In today’s global workplace, language is often treated as a problem to be solved — a barrier to communication, a source of misunderstanding, or a trigger for status imbalances. But what if we flipped the script?
Recent research I’ve conducted with colleagues suggests a powerful and underappreciated truth: language diversity in organizations can be a source of strength. Whether it’s the implementation of a new corporate language or the coexistence of multiple languages within multinational teams, these experiences have the potential to expand professionals’ behavioral and communicative repertoires, both inside and outside the firm.
Take the case of a Chilean subsidiary of a U.S. multinational company that radically shifted its working language from Spanish to English. Employees didn’t simply gain fluency over time. They also learned to navigate emotions like frustration and anxiety, developed new ways of interacting, and began to operate more confidently across linguistic and cultural boundaries. In fact, low levels of initial negative emotion actually helped some employees embrace the change—showing that discomfort with language change can be productive when properly supported.
At the team level, another study found that employees who were more fluent in the official corporate language often gained higher peer status and became informal leaders—and more so in teams that mainly conversed in another common language. Why? Because switching between languages made fluency more visible and more valuable. Yet rather than entrenching inequalities, the shared need to use multiple languages (or to adopt a new one) often created a sense of mutual adaptation. Everyone had to stretch. Everyone had to learn.

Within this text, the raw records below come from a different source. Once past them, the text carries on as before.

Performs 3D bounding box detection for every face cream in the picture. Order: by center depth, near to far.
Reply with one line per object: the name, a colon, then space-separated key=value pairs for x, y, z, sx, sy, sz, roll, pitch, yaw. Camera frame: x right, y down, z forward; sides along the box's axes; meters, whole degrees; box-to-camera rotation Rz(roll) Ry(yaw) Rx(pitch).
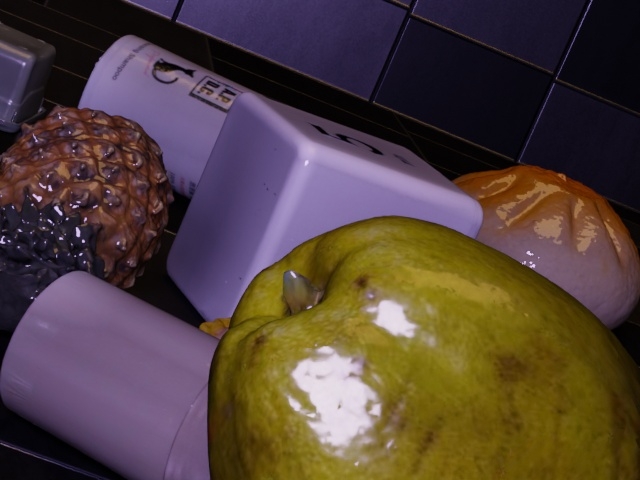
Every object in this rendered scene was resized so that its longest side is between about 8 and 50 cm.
face cream: x=-0.082 y=-0.095 z=2.156 sx=0.370 sy=0.145 sz=0.145 roll=24 pitch=11 yaw=12

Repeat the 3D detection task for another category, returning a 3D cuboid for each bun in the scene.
bun: x=0.280 y=-0.009 z=2.454 sx=0.299 sy=0.164 sz=0.299 roll=22 pitch=9 yaw=-4

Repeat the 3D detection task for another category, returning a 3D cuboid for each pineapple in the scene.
pineapple: x=-0.202 y=0.001 z=1.485 sx=0.158 sy=0.157 sz=0.278 roll=23 pitch=24 yaw=-4

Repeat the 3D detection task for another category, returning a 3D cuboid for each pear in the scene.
pear: x=0.069 y=0.129 z=1.107 sx=0.321 sy=0.269 sz=0.269 roll=48 pitch=-3 yaw=-30

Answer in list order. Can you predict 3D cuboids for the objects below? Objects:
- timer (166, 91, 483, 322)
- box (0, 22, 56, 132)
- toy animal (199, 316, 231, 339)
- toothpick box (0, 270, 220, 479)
timer: x=0.000 y=0.000 z=1.744 sx=0.195 sy=0.192 sz=0.194 roll=18 pitch=12 yaw=-26
box: x=-0.367 y=-0.193 z=2.171 sx=0.124 sy=0.092 sz=0.172 roll=23 pitch=11 yaw=-2
toy animal: x=0.015 y=0.126 z=1.355 sx=0.230 sy=0.156 sz=0.156 roll=16 pitch=9 yaw=16
toothpick box: x=-0.105 y=0.105 z=1.248 sx=0.181 sy=0.111 sz=0.111 roll=26 pitch=11 yaw=20

In both studies, a clear insight emerged: mandated or informal multilingual practices can normalize language diversity. They push people out of their comfort zones—and, over time, expand what they are capable of. These shifts foster linguistic agility, greater empathy for others’ communication challenges, and a more flexible approach to interacting with clients, colleagues, and partners across borders.
So rather than seeing language differences as something to manage or eliminate, leaders would do well to ask: how can we embrace them?
Here are a few ideas to start:
- Frame language shifts as opportunities for professional growth—not just communication efficiency.
- Encourage team members to share their own strategies for navigating multilingual contexts.
- Recognize and reward those who build bridges across language divides—not just those who speak fluently.
In a world where global collaboration will continue to be the norm—in whatever disguise—those who can operate across languages hold a key competitive advantage. Not because they speak perfectly, but because they’ve developed the behavioral range to connect, adapt, and influence across boundaries. And I’d speculate that the actual cognitive and emotional benefits of language learning will continue to hold even if technological advances like AI can make bridging language barriers easier.